# [Required work]
Look below for the line that has "Target object: the". Set down the lines from there through the line that has "Output: a one-line", exactly as written.

# [Provided records]
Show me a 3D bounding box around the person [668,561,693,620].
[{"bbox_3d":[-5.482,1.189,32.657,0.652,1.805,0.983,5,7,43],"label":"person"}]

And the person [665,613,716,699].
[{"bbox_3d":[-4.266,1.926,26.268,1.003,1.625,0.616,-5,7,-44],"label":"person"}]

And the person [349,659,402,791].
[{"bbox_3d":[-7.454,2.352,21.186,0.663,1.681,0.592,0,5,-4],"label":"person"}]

...

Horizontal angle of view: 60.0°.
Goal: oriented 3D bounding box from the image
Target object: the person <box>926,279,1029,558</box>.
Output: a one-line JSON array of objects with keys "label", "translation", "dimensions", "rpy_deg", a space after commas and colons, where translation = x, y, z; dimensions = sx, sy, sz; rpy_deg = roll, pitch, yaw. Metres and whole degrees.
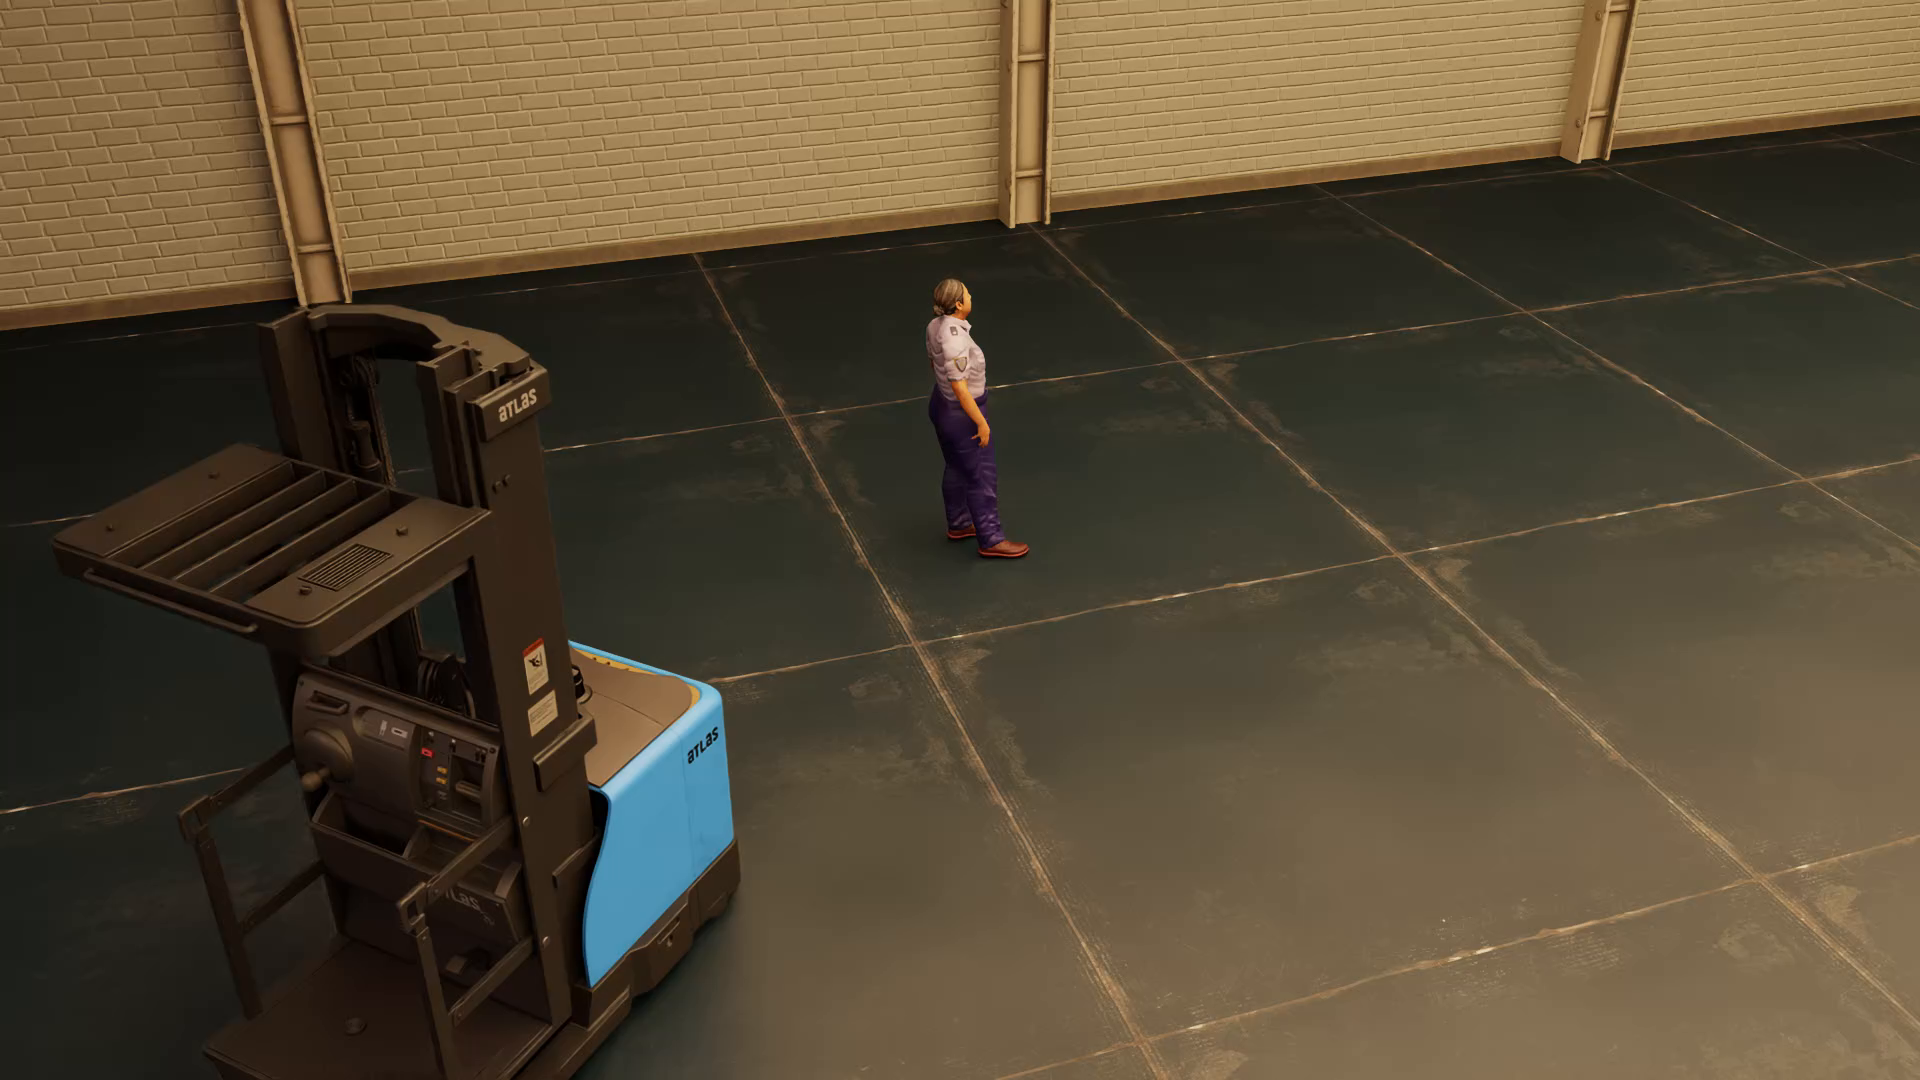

# [Answer box]
Target object: the person <box>926,279,1029,558</box>.
Output: a one-line JSON array of objects with keys "label", "translation", "dimensions", "rpy_deg", a space after commas and colons, where translation = x, y, z; dimensions = sx, sy, sz; rpy_deg = roll, pitch, yaw. Metres and whole degrees.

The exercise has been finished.